Module 4: Performance Monitoring and Baseline Management
- Establish performance baselines for key metrics (e.g., response time, throughput) segmented by business hour, day of week, and seasonal period.
- Configure alerting thresholds using dynamic baselines rather than static values to reduce false positives during normal usage fluctuations.
- Integrate monitoring tools with ticketing systems to auto-create capacity review tasks when utilization exceeds defined thresholds for five consecutive days.
- Standardize metric collection intervals across monitoring platforms to ensure consistency in trend analysis and reporting.
- Define ownership for baseline validation, requiring application owners to confirm or update baselines after major releases.
- Exclude non-representative data (e.g., load test runs, backup windows) from baseline calculations using tagging and filtering rules.
Module 5: Scalability Architecture and Design Integration
- Require scalability impact assessments as part of solution design reviews, with architecture sign-off before project funding approval.
- Enforce stateless design patterns in new applications to enable seamless horizontal scaling and reduce session affinity dependencies.
- Size database connection pools based on concurrent user projections and observed wait times, adjusting for connection overhead in monitoring.
- Implement circuit breakers and bulkheads in microservices to contain cascading failures during capacity saturation events.
- Design data partitioning strategies (e.g., sharding, regional distribution) to distribute load and avoid single points of capacity exhaustion.
- Validate auto-scaling group configurations to ensure they respect downstream dependencies, such as database write throughput limits.
Module 6: Governance, Policy Enforcement, and Compliance
- Define and publish capacity policy standards covering acceptable utilization ranges, review frequencies, and escalation paths.
- Integrate capacity compliance checks into CI/CD pipelines, blocking deployments that exceed predefined resource entitlements.
- Conduct quarterly audits of cloud spend versus allocated capacity to detect policy deviations and shadow IT usage.
- Align capacity review cycles with regulatory reporting periods for industries with mandated service availability (e.g., financial services).
- Implement role-based access controls for capacity management tools to separate planning, execution, and audit functions.
- Document capacity-related decisions in system-of-record logs to support post-incident reviews and regulatory inquiries.
Module 7: Incident Response and Capacity-Related Outages
- Classify capacity breaches as incidents using severity levels based on user impact, triggering predefined response playbooks.

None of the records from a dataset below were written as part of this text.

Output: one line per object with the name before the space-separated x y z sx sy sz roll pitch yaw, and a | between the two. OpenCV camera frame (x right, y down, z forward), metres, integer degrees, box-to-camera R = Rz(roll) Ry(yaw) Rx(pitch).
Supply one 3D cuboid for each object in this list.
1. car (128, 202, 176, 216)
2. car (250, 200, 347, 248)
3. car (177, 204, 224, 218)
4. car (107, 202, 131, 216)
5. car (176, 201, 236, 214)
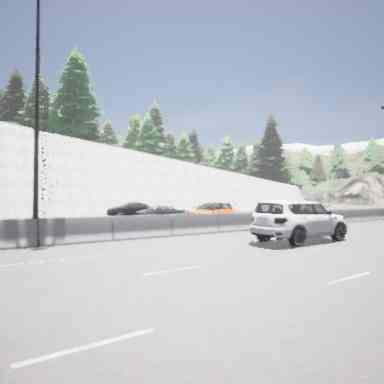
car | -2.783 1.821 27.910 4.181 1.385 1.994 1 -1 -36
car | 5.285 1.428 16.243 5.566 2.045 2.150 1 -1 -36
car | 0.943 1.959 34.894 4.718 1.301 1.895 1 -1 -35
car | -6.202 1.769 34.075 5.008 1.535 1.882 1 -1 -36
car | 1.444 1.631 26.643 4.553 1.767 2.097 1 -1 -36

- Conduct blameless post-mortems for capacity-driven outages, focusing on systemic gaps rather than individual accountability.

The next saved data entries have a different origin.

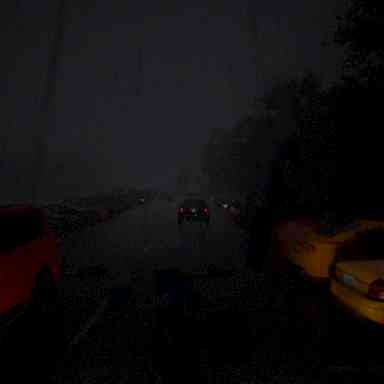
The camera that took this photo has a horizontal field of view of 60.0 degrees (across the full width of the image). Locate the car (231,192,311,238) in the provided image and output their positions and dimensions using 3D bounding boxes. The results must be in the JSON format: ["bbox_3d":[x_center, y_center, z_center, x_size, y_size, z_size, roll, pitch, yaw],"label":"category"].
[{"bbox_3d":[5.065,1.167,16.885,5.566,2.045,2.435,0,1,0],"label":"car"}]

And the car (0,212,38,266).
[{"bbox_3d":[-8.071,1.490,11.139,4.792,1.488,2.163,0,0,0],"label":"car"}]

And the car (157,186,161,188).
[{"bbox_3d":[-8.080,0.187,55.707,4.792,1.488,2.163,0,3,0],"label":"car"}]

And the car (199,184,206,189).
[{"bbox_3d":[4.733,-0.646,82.880,5.008,1.535,2.097,0,3,0],"label":"car"}]

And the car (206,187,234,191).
[{"bbox_3d":[5.033,0.329,53.123,4.674,1.452,2.002,0,3,0],"label":"car"}]

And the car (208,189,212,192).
[{"bbox_3d":[5.217,0.694,44.641,5.366,1.575,1.946,0,2,0],"label":"car"}]

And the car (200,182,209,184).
[{"bbox_3d":[4.767,-0.933,85.639,4.553,1.767,2.185,0,3,0],"label":"car"}]

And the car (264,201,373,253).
[{"bbox_3d":[5.069,1.334,11.306,4.553,1.767,2.185,0,0,0],"label":"car"}]

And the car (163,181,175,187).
[{"bbox_3d":[-8.322,-1.375,91.037,5.566,2.045,2.435,0,3,0],"label":"car"}]

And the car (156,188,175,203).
[{"bbox_3d":[-3.509,0.589,47.098,1.882,1.535,5.008,0,3,0],"label":"car"}]

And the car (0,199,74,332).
[{"bbox_3d":[-3.620,1.222,4.328,2.150,2.045,5.566,0,0,-1],"label":"car"}]

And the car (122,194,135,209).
[{"bbox_3d":[-8.075,1.202,30.646,4.792,1.488,2.163,0,1,0],"label":"car"}]

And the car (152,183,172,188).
[{"bbox_3d":[-8.374,-0.770,85.511,4.792,1.488,2.163,0,3,0],"label":"car"}]

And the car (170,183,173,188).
[{"bbox_3d":[-8.342,-0.962,88.281,5.008,1.535,2.097,0,3,0],"label":"car"}]

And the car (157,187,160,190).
[{"bbox_3d":[-8.020,0.329,52.927,4.792,1.488,2.163,0,3,0],"label":"car"}]

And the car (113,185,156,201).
[{"bbox_3d":[-8.020,0.449,44.565,5.566,2.045,2.435,0,2,0],"label":"car"}]

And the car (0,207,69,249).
[{"bbox_3d":[-8.048,1.444,13.926,5.008,1.535,2.097,0,0,0],"label":"car"}]

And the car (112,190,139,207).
[{"bbox_3d":[-8.077,0.972,33.429,4.553,1.767,2.185,0,2,0],"label":"car"}]

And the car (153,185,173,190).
[{"bbox_3d":[-8.167,-1.290,93.824,5.366,1.575,1.946,0,3,0],"label":"car"}]

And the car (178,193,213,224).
[{"bbox_3d":[0.099,1.196,23.711,2.097,1.767,4.553,0,1,0],"label":"car"}]

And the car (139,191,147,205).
[{"bbox_3d":[-8.076,0.951,39.013,4.792,1.488,2.163,0,2,0],"label":"car"}]

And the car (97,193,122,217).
[{"bbox_3d":[-8.013,1.173,25.069,4.553,1.767,2.185,0,1,0],"label":"car"}]

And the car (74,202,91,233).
[{"bbox_3d":[-8.049,1.420,16.715,5.008,1.535,2.097,0,1,0],"label":"car"}]

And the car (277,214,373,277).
[{"bbox_3d":[5.033,1.468,8.521,5.008,1.535,2.097,0,0,0],"label":"car"}]

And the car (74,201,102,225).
[{"bbox_3d":[-8.041,1.428,19.505,4.674,1.452,2.002,0,1,0],"label":"car"}]

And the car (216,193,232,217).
[{"bbox_3d":[5.028,1.172,30.699,4.892,1.521,2.231,0,2,0],"label":"car"}]

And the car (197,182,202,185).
[{"bbox_3d":[4.541,-1.289,93.818,5.366,1.575,1.946,0,3,0],"label":"car"}]

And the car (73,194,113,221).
[{"bbox_3d":[-8.013,1.222,22.290,4.553,1.767,2.185,0,1,0],"label":"car"}]

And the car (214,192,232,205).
[{"bbox_3d":[5.028,1.092,33.616,5.008,1.535,2.097,0,2,0],"label":"car"}]

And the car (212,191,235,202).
[{"bbox_3d":[5.028,1.007,36.405,5.008,1.535,2.097,0,2,0],"label":"car"}]

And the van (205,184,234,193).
[{"bbox_3d":[4.903,-0.071,55.780,4.442,1.987,1.878,-1,3,0],"label":"van"}]

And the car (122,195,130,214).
[{"bbox_3d":[-8.016,1.269,27.859,4.792,1.488,2.163,0,1,0],"label":"car"}]

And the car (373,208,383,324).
[{"bbox_3d":[5.011,1.225,2.827,5.566,2.045,2.435,0,0,0],"label":"car"}]

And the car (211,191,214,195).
[{"bbox_3d":[5.003,0.944,39.196,4.792,1.488,2.163,0,2,0],"label":"car"}]

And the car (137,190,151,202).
[{"bbox_3d":[-8.054,0.817,41.789,4.892,1.521,2.231,0,2,0],"label":"car"}]

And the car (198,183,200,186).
[{"bbox_3d":[4.727,-1.084,91.055,4.674,1.452,2.002,0,3,0],"label":"car"}]

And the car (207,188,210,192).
[{"bbox_3d":[5.033,0.471,50.342,4.674,1.452,2.002,0,3,0],"label":"car"}]

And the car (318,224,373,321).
[{"bbox_3d":[5.224,1.469,5.613,5.366,1.575,1.946,0,0,0],"label":"car"}]

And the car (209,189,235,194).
[{"bbox_3d":[5.218,0.811,41.848,5.366,1.575,1.946,0,2,0],"label":"car"}]

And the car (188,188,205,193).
[{"bbox_3d":[0.093,0.753,40.038,2.097,1.767,4.553,0,2,0],"label":"car"}]

- Pre-approve emergency scaling procedures, including budget overrides and change window exceptions, for critical systems.

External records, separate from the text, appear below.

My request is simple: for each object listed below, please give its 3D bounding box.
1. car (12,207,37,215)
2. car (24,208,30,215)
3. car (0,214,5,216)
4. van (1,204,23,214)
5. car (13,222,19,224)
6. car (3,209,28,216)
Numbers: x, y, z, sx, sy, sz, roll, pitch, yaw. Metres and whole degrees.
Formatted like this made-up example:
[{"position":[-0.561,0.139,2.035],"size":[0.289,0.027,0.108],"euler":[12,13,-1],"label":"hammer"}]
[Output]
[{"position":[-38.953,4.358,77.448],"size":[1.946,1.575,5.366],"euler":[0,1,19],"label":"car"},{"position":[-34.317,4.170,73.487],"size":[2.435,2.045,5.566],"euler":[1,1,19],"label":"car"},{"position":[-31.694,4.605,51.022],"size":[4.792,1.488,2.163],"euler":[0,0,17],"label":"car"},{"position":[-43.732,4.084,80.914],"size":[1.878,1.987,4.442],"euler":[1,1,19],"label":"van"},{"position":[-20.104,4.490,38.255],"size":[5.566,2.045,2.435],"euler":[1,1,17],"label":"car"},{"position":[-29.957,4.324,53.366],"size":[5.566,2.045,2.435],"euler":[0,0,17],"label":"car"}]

- Integrate capacity telemetry into incident command dashboards to inform real-time decision-making during outages.
- Establish a runbook for rapid deprecation of non-essential services during sustained overload to preserve core functionality.
- Validate failover capacity during disaster recovery tests, measuring actual performance against projected demand during regional outages.
Module 8: Continuous Improvement and Optimization Feedback Loops
- Schedule bi-annual reviews of capacity models to incorporate lessons from recent incidents, technology refreshes, and architectural changes.
- Measure forecast accuracy by comparing predicted versus actual peak loads, using MAPE (Mean Absolute Percentage Error) as a KPI.
- Implement feedback mechanisms from operations teams into planning cycles, capturing real-world constraints like patching downtime.
- Track cost-per-transaction trends over time to identify efficiency gains or regressions tied to capacity decisions.
- Rotate capacity stewards across teams annually to prevent siloed knowledge and promote cross-functional ownership.
- Use A/B testing to compare the performance impact of different capacity configurations in pre-production environments.